• [What to do] State how many lines of the data contain the word "below", and write nothing besides the number.

• [Information shown]
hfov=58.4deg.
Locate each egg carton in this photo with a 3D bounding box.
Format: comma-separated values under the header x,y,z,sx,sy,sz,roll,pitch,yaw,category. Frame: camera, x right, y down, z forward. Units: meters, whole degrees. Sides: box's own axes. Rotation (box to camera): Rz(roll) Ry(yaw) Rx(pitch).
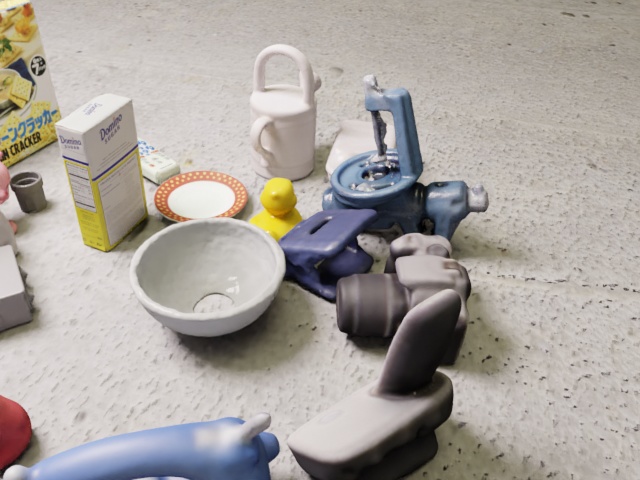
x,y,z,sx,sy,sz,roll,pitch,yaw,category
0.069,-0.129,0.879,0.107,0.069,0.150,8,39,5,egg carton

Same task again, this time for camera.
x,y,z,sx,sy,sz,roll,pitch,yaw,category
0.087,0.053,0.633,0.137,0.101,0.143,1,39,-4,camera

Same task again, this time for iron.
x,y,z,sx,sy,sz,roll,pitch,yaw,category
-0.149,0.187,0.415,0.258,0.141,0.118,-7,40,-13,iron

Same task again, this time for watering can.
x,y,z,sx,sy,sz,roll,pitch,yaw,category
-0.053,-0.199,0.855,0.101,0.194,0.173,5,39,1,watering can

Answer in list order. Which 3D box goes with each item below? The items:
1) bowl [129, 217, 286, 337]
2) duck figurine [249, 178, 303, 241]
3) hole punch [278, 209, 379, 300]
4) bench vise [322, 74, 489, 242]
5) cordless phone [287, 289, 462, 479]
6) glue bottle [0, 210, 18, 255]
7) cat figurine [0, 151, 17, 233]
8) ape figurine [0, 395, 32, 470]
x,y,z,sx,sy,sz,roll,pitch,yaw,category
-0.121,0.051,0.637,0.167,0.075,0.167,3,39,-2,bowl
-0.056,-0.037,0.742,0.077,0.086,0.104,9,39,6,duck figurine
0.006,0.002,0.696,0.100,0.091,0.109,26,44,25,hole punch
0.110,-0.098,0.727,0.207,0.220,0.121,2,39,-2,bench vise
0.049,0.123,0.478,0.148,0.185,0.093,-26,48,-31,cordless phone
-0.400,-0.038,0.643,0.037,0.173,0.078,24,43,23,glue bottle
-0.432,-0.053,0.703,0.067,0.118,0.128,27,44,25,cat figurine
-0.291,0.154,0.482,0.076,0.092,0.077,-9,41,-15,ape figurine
==
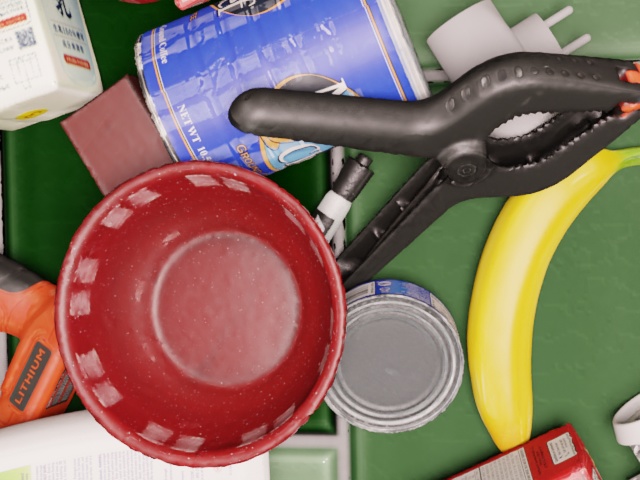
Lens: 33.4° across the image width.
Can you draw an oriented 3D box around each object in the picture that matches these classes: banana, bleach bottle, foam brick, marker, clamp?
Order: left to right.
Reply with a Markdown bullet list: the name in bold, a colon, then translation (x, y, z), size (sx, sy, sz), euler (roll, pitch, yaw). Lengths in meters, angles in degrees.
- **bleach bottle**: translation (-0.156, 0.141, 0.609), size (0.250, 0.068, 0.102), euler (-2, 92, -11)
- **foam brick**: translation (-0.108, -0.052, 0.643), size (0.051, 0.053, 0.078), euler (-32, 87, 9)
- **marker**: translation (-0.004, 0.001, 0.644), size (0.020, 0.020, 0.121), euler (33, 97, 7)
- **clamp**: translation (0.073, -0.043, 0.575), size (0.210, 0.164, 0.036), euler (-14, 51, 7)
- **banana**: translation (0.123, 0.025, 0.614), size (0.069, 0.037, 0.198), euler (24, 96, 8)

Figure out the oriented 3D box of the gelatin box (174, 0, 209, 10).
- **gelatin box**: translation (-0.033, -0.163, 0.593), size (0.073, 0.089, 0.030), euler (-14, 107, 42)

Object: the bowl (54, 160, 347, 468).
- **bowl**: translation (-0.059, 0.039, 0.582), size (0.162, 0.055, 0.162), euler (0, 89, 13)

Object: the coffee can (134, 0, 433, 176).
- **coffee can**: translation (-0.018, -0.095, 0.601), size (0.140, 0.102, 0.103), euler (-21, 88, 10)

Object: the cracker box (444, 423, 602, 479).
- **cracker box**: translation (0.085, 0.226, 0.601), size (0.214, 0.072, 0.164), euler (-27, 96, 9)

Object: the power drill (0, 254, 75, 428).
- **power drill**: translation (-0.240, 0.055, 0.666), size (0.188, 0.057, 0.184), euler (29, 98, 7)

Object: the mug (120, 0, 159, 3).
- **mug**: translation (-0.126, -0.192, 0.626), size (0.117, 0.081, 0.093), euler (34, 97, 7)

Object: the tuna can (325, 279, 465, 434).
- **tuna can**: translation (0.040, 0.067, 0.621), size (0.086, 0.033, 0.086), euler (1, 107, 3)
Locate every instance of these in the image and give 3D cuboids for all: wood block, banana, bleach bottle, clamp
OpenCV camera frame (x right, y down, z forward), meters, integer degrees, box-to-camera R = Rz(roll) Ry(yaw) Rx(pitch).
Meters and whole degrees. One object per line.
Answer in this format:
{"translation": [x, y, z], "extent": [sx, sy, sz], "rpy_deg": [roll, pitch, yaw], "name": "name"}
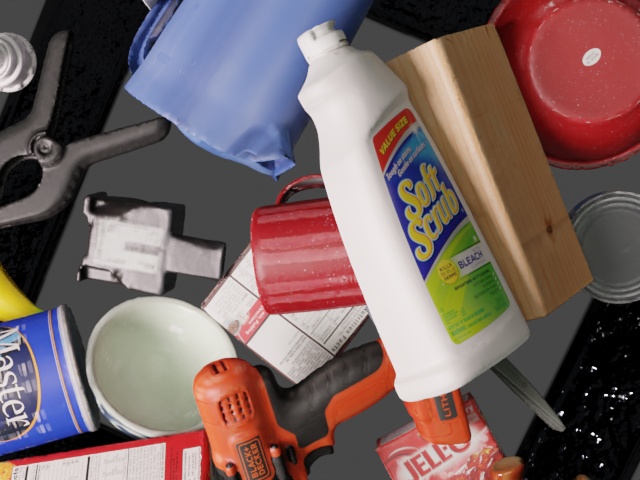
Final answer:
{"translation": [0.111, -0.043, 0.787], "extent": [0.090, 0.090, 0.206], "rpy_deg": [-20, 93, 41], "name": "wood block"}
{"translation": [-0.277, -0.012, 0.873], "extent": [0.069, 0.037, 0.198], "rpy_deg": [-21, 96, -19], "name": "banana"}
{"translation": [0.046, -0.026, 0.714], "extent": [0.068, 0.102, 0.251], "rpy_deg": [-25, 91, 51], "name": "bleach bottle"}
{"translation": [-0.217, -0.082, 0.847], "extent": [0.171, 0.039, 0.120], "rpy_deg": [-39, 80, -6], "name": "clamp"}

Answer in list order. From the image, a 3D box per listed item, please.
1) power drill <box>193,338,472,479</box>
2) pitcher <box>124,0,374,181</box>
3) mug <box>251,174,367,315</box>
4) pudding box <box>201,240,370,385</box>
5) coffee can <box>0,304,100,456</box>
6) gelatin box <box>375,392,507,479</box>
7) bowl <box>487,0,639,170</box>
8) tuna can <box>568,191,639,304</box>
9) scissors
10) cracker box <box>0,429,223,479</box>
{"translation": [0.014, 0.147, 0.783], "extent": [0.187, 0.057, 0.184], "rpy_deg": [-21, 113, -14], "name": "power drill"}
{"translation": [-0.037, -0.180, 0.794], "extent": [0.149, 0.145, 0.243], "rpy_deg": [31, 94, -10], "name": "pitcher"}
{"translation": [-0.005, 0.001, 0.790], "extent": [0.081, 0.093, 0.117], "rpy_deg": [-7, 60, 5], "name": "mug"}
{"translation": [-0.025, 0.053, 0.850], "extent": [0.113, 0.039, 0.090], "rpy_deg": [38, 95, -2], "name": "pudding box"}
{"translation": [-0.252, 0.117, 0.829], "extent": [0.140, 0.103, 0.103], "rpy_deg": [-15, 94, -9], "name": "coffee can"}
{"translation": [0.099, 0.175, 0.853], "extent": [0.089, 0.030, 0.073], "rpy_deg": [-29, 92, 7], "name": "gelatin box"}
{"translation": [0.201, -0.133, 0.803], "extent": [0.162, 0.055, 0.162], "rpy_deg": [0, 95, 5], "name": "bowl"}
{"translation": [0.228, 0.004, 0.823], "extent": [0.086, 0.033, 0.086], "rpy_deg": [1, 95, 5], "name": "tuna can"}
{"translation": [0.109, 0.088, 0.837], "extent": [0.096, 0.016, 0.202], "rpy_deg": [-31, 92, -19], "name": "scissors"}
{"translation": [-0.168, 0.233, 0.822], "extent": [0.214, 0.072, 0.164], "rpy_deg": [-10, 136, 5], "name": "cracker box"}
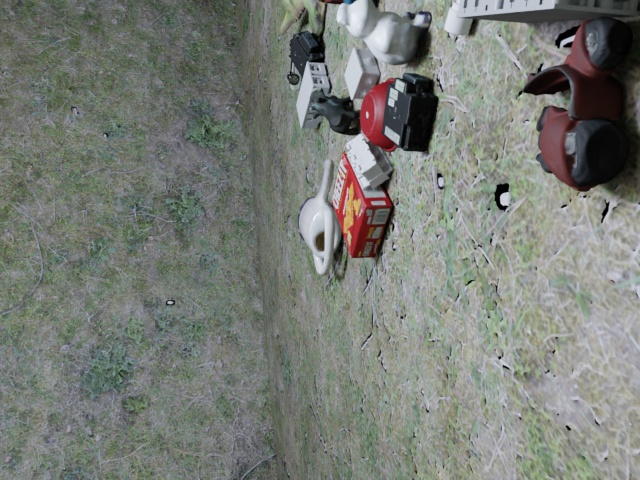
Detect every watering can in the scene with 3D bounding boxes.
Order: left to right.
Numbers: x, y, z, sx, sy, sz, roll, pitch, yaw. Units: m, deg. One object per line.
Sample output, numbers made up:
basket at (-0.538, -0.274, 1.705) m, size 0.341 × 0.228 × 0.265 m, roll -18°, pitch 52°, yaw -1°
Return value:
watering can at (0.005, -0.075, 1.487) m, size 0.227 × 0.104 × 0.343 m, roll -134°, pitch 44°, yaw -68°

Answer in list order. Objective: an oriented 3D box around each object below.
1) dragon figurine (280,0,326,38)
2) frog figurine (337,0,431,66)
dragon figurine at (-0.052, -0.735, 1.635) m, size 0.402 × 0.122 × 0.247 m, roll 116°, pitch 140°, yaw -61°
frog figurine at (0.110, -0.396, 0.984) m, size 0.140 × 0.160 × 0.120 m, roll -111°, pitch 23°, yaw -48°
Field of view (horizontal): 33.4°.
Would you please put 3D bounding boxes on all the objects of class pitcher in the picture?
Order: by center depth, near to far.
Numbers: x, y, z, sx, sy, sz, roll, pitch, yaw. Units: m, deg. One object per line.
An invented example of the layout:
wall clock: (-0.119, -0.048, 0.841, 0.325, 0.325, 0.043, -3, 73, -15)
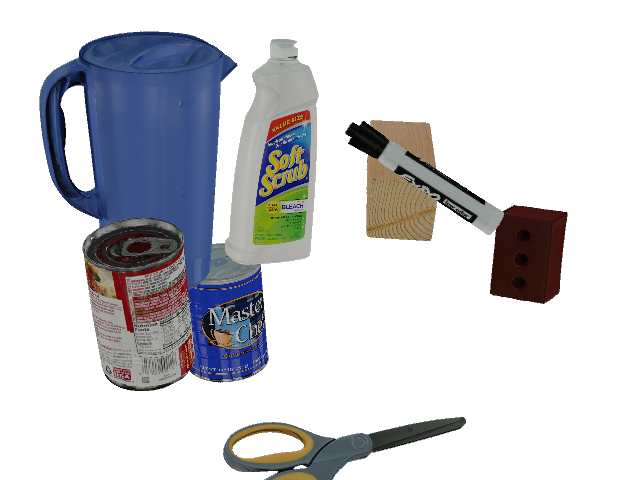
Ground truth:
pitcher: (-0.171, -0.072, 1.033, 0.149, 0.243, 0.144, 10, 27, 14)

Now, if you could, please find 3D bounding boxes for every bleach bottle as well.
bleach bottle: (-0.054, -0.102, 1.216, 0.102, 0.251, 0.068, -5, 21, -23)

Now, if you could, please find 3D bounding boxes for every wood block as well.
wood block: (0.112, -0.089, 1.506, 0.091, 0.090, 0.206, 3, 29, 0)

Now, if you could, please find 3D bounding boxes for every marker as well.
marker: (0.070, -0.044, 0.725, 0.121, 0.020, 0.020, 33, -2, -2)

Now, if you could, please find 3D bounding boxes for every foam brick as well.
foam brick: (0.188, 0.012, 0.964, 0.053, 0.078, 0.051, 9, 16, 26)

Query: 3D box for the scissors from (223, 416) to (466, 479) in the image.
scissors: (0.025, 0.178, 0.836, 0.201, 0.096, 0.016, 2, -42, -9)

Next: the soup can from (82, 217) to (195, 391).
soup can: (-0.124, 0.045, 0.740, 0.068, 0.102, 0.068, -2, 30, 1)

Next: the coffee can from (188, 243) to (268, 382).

• [Completed exercise] 2